Firstpost commended Patekar in his role in their review, saying "Nana holds the film together. He feels every line that he utters. His heart bleeds for each one of the 166 people who died on that night. When he tells Kasab in a choked voice, 'I have a son of your age', Nana isn't faking it.
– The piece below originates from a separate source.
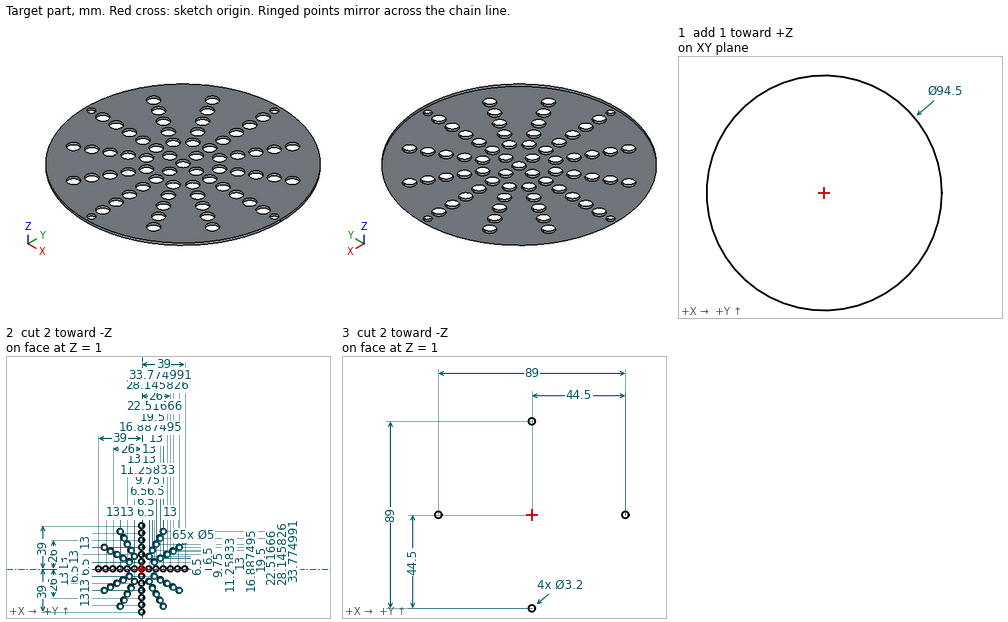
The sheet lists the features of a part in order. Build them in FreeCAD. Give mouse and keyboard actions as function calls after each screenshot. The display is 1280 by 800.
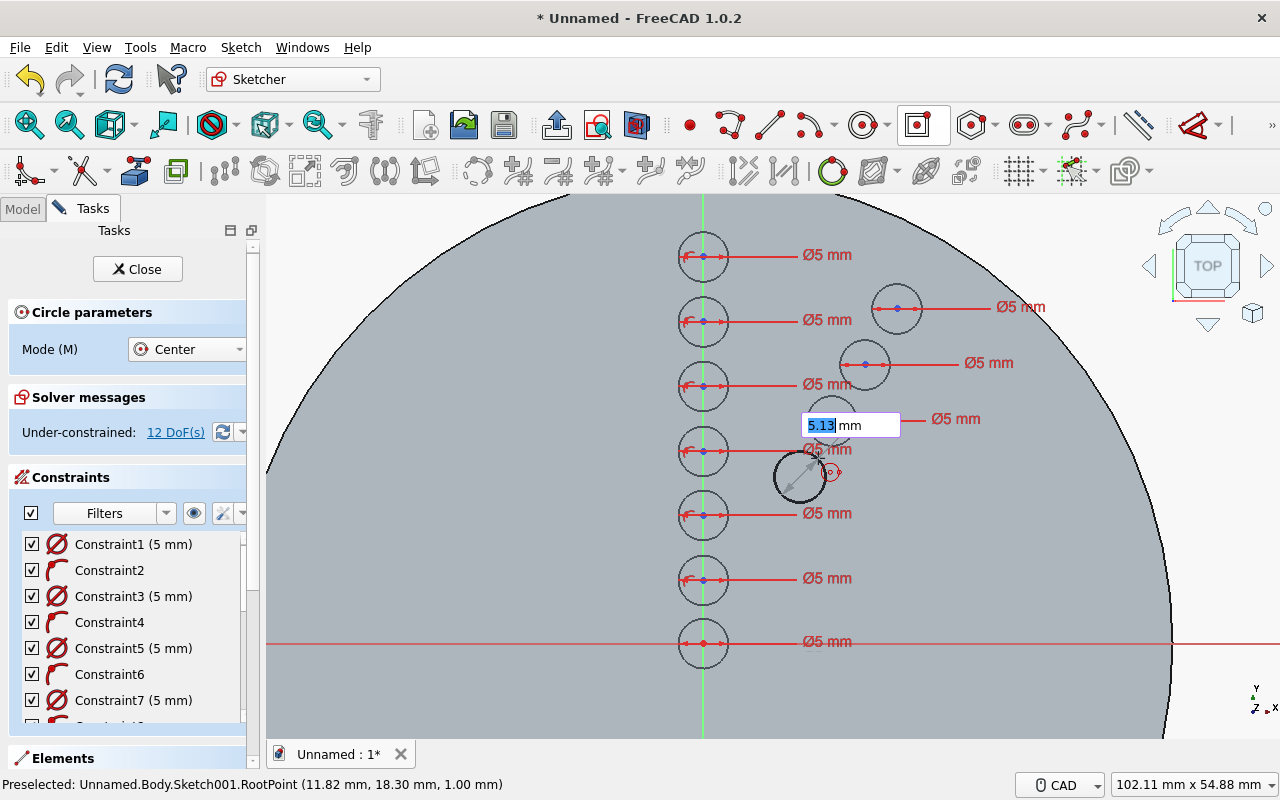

His performance goes way beyond acting."

Subhash K. Jha of the Deccan Herald gave the film 4 out of 5 stars, calling the movie "a work of riveting resonance" and "one of the best films in recent times on the wages of terrorism". Resham Sengar of Zee News called the film "a moving sketch of the dreadful terror attack", and gave the film 4 stars out of 5. Taran Adarsh of Bollywood Hungama gave it 3.5 out of 5 and said that the film was "A powerful retelling of a regrettable event in history".

Vaihayasi Pande Daniel of Rediff.com gave it two and half stars, saying "I have a headache. My ears are still ringing. The nausea is just about abating." Madhureeta Mukherjee of The Times of India said "While the thought is poignant, the horror isn't palpable throughout and the execution doesn't cut as deep as the actual tragedy" and gave it two and half stars.
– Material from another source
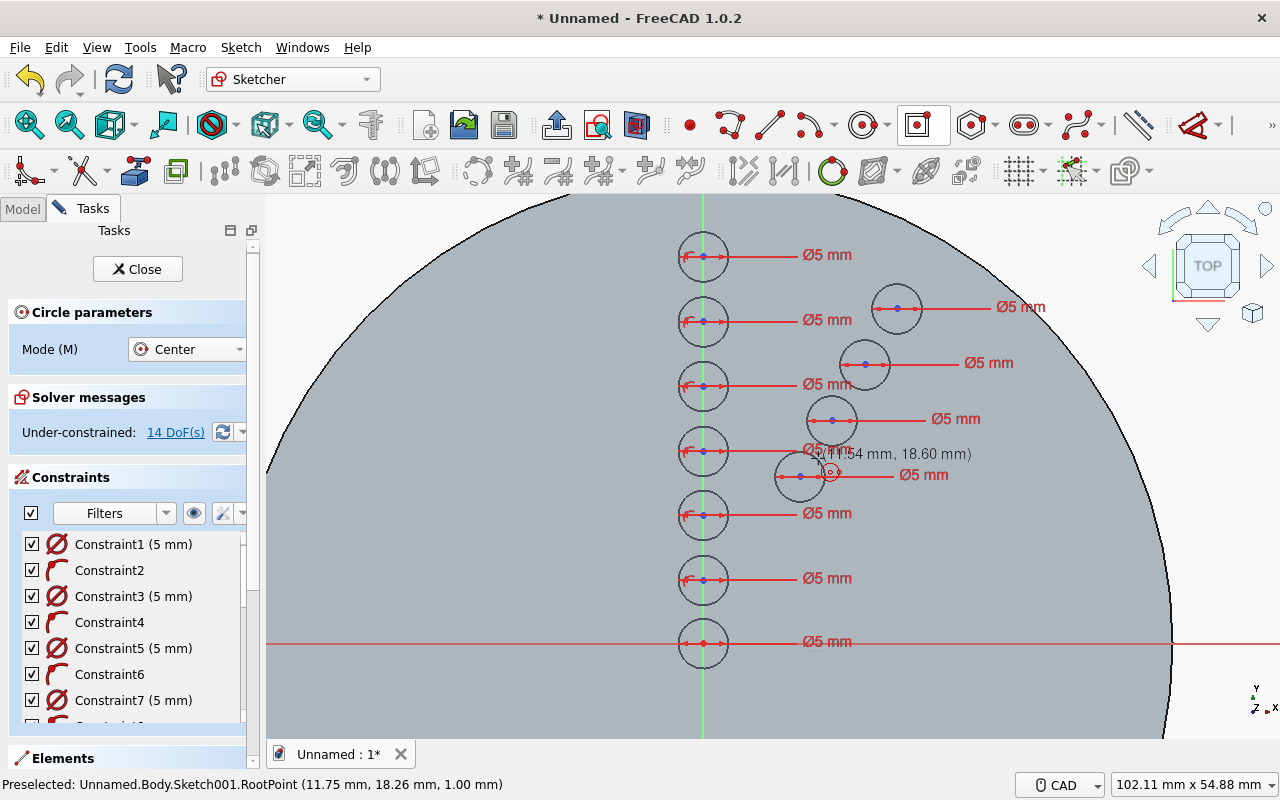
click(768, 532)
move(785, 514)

Saibal Chatterjee of NDTV gave 2.5 stars, calling the movie "watchable" and saying "Ram Gopal Varma is still not back to his best and The Attacks of 26/11 isn't an unqualified triumph." In Anupama Chopra's review for the Hindustan Times, the film also received 2.5 stars, remarking that the movie's "powerful subject [is] watered down by ineffective story-telling".

In his review for News18, Rajeev Masand gave the film 1.5 stars, writing that the film "often resembles a tacky B-movie" and was a "tragedy exploited".